Nota
Com direção de Jon Gunn, conhecido pelos seus filmes cristãos, o longa-metragem Invencível traz um roteiro bem estruturado, porém uma narrativa problemática no tocante à representação da vivência autista. O filme traz como narrador-personagem o Austin (Jacob Laval): uma criança com autismo e osteogênese (que torna os seus ossos frágeis e quebradiços). De início, Invencível leva o espectador a pensar que o filme é sobre ele, mas é aí que a obra muda de rota. Invencível é um filme muito mais sobre os pais do Austin do que sobre ele mesmo. Portanto, é a partir dessa perspectiva que já se tornam nítidas as problemáticas presentes na representação da neurodivergência.
Dando bastante enfoque à vida dos pais: Scott (Zachary Levi) e Teresa (Maghann Fahy), Austin aparece na narrativa como um obstáculo, um desafio na vida desses dois adultos. É perceptível que a vivência de pais com crianças neurodivergentes não é algo fácil, no entanto, o filme faz tudo parecer muito mais complicado. O autismo do Austin é retratado de uma maneira bastante estereotipada, haja vista a obra ter cenas em que o Austin chega a ser agressivo, o que incomodou grande parte dos espectadores autistas que não se sentiram bem com essa forma de representação. Além do personagem ser interpretado por um ator que é neurotípico, o que enfatiza mais ainda uma ideia errônea e completamente estereotipada de que pessoas autistas não são capazes de exercer funções importantes como a própria atuação. Entregar o papel de um personagem autista para um ator autista traria mais realismo e sensibilidade para o retrato de pessoas neurotípicas.
Além disso, o fato de não dar o enfoque ao Austin, torna a narrativa muito mais problemática, tendo em vista que pessoas neroatípicas são frequentemente colocadas nessa posição de “antagonistas” de suas próprias vidas. Dar o protagonismo para pessoas neurotípicas em um filme sobre pessoas neuroatípicas é uma forma de apagamento da maneira de pensar, se expressar e se apresentar para o mundo dessa população. Dessa maneira, um filme que era para trazer visibilidade para esse tipo de vivência, na realidade só faz reiterar estereótipos e padrões violentos de silenciamento que só corroboram para que essas pessoas continuem com suas existências sendo estigmatizadas pela sociedade. Será que realmente a melhor forma de retratar o autismo é mostrando como os pais de uma criança neuroatípica “sofrem” ao ter que criá-la?
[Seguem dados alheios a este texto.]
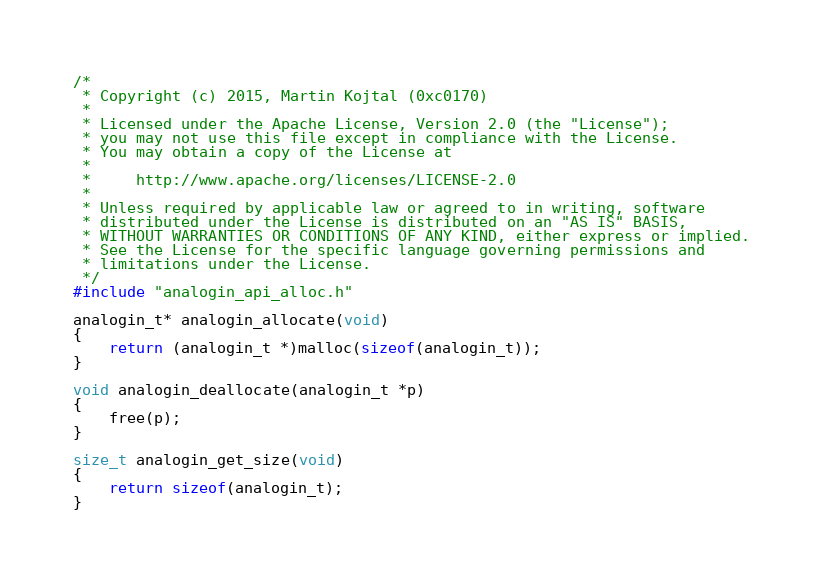<code> <loc_0><loc_0><loc_500><loc_500><_C_>/*
 * Copyright (c) 2015, Martin Kojtal (0xc0170)
 *
 * Licensed under the Apache License, Version 2.0 (the "License");
 * you may not use this file except in compliance with the License.
 * You may obtain a copy of the License at
 *
 *     http://www.apache.org/licenses/LICENSE-2.0
 *
 * Unless required by applicable law or agreed to in writing, software
 * distributed under the License is distributed on an "AS IS" BASIS,
 * WITHOUT WARRANTIES OR CONDITIONS OF ANY KIND, either express or implied.
 * See the License for the specific language governing permissions and
 * limitations under the License.
 */
#include "analogin_api_alloc.h"

analogin_t* analogin_allocate(void)
{
    return (analogin_t *)malloc(sizeof(analogin_t));
}

void analogin_deallocate(analogin_t *p)
{
    free(p);
}

size_t analogin_get_size(void)
{
    return sizeof(analogin_t);
}
</code> 
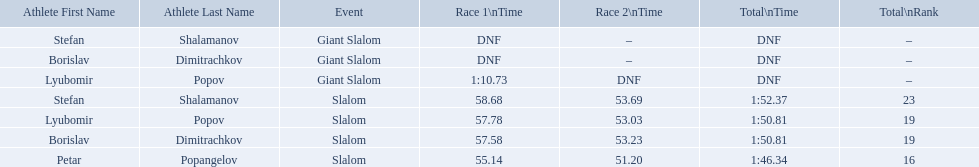What were the event names during bulgaria at the 1988 winter olympics? Stefan Shalamanov, Borislav Dimitrachkov, Lyubomir Popov. And which players participated at giant slalom? Giant Slalom, Giant Slalom, Giant Slalom, Slalom, Slalom, Slalom, Slalom. What were their race 1 times? DNF, DNF, 1:10.73. What was lyubomir popov's personal time? 1:10.73. What are all the competitions lyubomir popov competed in? Lyubomir Popov, Lyubomir Popov. Of those, which were giant slalom races? Giant Slalom. What was his time in race 1? 1:10.73. Which event is the giant slalom? Giant Slalom, Giant Slalom, Giant Slalom. Which one is lyubomir popov? Lyubomir Popov. What is race 1 tim? 1:10.73.

Apesar de o filme conseguir trazer um roteiro convincente, que realmente prende o espectador do começo ao final, tendo romance, drama, superação, fica evidente que a narrativa pende muito para um certo sensacionalismo bem característico da filmografia cristã do Jon Gunn. Invencível, portanto, é um filme que, apesar de inspirado numa história real, não consegue ser tão relevante quanto Extraordinário, outro filme do mesmo estúdio. Justamente o fato de tirar o protagonismo da criança e usá-la como uma forma de obstáculo na narrativa é o que torna Invencível apenas mais uma obra que estigmatiza vivências autistas.